| Exercise |
Please check every line of the listing for "Бобышка" and copy each line where it is found.

| Recorded data |
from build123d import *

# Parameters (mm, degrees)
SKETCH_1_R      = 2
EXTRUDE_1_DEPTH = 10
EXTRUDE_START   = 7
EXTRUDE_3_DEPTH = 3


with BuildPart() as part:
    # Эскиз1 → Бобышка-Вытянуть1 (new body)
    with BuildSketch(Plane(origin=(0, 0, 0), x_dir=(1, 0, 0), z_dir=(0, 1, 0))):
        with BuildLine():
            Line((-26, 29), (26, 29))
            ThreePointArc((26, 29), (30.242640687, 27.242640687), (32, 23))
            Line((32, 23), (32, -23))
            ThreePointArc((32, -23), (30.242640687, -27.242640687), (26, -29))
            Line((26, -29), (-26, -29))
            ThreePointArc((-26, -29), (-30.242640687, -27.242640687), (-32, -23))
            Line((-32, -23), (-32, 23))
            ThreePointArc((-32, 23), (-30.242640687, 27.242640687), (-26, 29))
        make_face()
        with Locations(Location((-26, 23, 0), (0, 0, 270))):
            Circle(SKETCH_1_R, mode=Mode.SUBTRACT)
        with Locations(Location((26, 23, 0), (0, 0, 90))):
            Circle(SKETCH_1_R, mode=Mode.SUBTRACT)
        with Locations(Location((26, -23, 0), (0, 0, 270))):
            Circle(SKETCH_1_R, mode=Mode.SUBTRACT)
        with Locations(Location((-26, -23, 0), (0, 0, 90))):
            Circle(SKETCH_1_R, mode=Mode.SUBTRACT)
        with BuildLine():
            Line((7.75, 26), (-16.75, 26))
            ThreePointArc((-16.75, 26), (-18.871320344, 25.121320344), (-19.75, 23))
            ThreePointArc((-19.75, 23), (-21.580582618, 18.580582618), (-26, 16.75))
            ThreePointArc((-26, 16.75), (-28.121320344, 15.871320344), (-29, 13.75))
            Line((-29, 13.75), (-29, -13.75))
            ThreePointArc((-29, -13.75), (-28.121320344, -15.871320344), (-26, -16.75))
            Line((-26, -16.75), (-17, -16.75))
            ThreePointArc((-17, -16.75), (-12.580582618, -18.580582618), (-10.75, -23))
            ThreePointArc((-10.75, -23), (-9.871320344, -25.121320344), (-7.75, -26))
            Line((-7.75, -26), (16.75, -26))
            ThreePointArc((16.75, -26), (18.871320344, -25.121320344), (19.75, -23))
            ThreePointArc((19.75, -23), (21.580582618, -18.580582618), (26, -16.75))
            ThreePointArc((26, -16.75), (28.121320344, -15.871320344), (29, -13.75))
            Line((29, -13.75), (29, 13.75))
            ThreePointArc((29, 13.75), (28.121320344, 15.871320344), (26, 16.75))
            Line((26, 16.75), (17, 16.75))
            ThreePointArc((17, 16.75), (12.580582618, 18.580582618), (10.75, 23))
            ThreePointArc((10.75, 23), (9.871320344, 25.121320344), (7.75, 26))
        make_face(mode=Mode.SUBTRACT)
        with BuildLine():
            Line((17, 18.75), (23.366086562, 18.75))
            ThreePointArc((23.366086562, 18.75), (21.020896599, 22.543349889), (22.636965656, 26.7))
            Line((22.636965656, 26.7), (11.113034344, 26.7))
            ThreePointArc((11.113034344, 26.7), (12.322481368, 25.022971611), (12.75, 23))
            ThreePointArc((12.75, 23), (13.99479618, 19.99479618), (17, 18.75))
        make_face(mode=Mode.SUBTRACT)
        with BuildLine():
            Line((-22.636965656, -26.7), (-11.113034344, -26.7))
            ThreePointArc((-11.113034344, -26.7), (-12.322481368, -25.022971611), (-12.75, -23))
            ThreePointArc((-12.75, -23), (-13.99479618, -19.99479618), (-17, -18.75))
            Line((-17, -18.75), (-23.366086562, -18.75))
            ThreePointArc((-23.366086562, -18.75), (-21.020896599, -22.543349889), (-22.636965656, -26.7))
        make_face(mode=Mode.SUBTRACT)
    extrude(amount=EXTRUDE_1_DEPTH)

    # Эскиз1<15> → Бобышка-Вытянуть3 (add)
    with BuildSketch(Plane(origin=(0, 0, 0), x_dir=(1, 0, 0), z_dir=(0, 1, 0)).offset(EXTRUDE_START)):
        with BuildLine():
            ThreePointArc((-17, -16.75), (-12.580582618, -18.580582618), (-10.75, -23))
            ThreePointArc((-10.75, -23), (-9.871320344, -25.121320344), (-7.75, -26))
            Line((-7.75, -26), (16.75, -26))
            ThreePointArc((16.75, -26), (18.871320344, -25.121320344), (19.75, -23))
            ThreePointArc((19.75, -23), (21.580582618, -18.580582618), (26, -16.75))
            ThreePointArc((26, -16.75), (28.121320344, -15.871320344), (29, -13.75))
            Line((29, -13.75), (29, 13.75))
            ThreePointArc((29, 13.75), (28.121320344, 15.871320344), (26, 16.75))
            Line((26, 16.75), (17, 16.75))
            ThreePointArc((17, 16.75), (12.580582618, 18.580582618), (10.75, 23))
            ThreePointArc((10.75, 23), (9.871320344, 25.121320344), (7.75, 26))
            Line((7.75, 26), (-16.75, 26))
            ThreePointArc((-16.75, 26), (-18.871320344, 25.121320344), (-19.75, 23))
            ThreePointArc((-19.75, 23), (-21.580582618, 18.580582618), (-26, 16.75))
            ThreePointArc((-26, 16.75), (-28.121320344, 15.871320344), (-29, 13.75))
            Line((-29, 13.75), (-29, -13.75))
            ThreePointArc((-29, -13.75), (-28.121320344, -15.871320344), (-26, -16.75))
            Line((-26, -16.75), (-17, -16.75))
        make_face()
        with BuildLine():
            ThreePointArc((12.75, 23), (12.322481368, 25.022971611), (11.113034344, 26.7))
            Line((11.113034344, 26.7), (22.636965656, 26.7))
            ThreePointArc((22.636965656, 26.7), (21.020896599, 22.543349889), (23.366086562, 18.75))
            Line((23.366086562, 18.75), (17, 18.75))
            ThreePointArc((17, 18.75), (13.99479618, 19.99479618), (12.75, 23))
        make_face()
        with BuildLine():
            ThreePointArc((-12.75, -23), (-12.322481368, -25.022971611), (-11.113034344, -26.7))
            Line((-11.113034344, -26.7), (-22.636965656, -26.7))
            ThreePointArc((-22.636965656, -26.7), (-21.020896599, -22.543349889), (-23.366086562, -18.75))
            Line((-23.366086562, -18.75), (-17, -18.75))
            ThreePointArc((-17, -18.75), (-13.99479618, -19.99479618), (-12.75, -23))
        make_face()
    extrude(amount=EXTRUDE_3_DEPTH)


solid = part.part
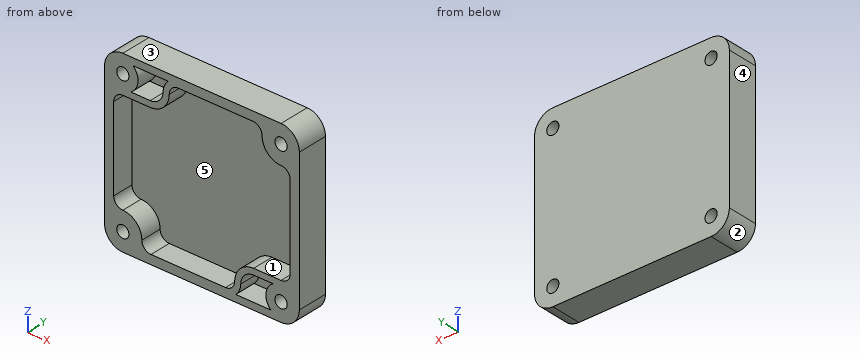
Check sheet for the modelled part. Datum: model origin and axes. Units: mm. Face numbers are marked on the shaded views. A direction names the side the tool comes from. Coordinates: 2 decimals unless noted, no trailing zeros. Write each loop counter-clockwise with the first axis right and the second up, starting at its lowest first coordinate (ties: lowest second). Pieces come first, ordered by that corner, then holes.
Item 1: Cross-section at D-D on z = 24. Record the boundary of the cut face in (x, y), then the cut area to 3 significant figures.
Numbers:
outline: (-31.92, 0) - (-27.73, 0) - (-27.73, 10) - (-31.92, 10) - close; (-24.27, 0) - (-21.1, 0) - (-21.1, 7) - (-12.65, 7) - (-12.65, 0) - (-10.58, 0) - (-10.58, 7) - (19.58, 7) - (19.58, 0) - (24.27, 0) - (24.27, 10) - (-24.27, 10) - close; (27.73, 0) - (31.92, 0) - (31.92, 10) - (27.73, 10) - close
area: 299 mm2
Item 2: Cross-section at C-C on z = -3. Record the boundary of the cut face in (x, y).
Numbers:
outline: (-32, 0) - (-29, 0) - (-29, 7) - (29, 7) - (29, 0) - (32, 0) - (32, 10) - (-32, 10) - close
Item 3: Cross-section at B-B on x = 2.5. Record the boundary of the cut face in (y, z).
Numbers:
outline: (0, -29) - (10, -29) - (10, 29) - (0, 29) - (0, 26) - (7, 26) - (7, -26) - (0, -26) - close
Item 4: Access from +Z, -Z, +X, -X, +Y, -Y to the whole of each face (thin tool, end or side, straight path). Record for the marked faces 4 and 5.
Numbers:
face 4: +Z, -Z, -X, +Y, -Y
face 5: -Y
Item 5: Cross-section at A-A on y = 8.5. Record the boundary of the cut face in (x, z), then the cut area to 3 significant figures.
Numbers:
outline: (-32, -23) arc R6 ccw to (-26, -29) - (26, -29) arc R6 ccw to (32, -23) - (32, 23) arc R6 ccw to (26, 29) - (-26, 29) arc R6 ccw to (-32, 23) - close; hole circle Ø4 at (-26, -23); hole circle Ø4 at (-26, 23); hole circle Ø4 at (26, -23); hole circle Ø4 at (26, 23)
area: 3,630 mm2
Item 6: Scan lines: probe 1 along X at (y, z) = (3, -23); probe 2 along Z at (x, y) = (-19, 2); probe 3 along X at (y, z) = (5.75, 23). Record each from-to range of solid material in increasing order.
Numbers:
probe 1: x = -32 to -28, -24 to -19.75, 10.75 to 12.75, 21 to 24, 28 to 32
probe 2: z = -29 to -24.98, 16.75 to 18.75, 26.7 to 29
probe 3: x = -32 to -28, -24 to -21, -12.75 to -10.75, 19.75 to 24, 28 to 32
Item 7: Mould release check, pull along X, two halves, no side actions. Record for the marked faces 1, 2 and 3: released by +X, released by -X, zero draft, split by the parting line, or undercut.
Numbers:
face 1: undercut
face 2: released by -X
face 3: zero draft
Item 8: Depth check by flat-ended pin: pin 1 Ø4 at (x, z) = (-0.5, -14.5) entering from -Y; pin 2 Ø3 at (x, z) = (-26, 23) entering from +Y. Enter the tip coordinate at first touch or a pass-through.
Numbers:
pin 1: stops at y = 7
pin 2: passes through

| Response below |
    # Эскиз1 → Бобышка-Вытянуть1 (new body)
    # Эскиз1<15> → Бобышка-Вытянуть3 (add)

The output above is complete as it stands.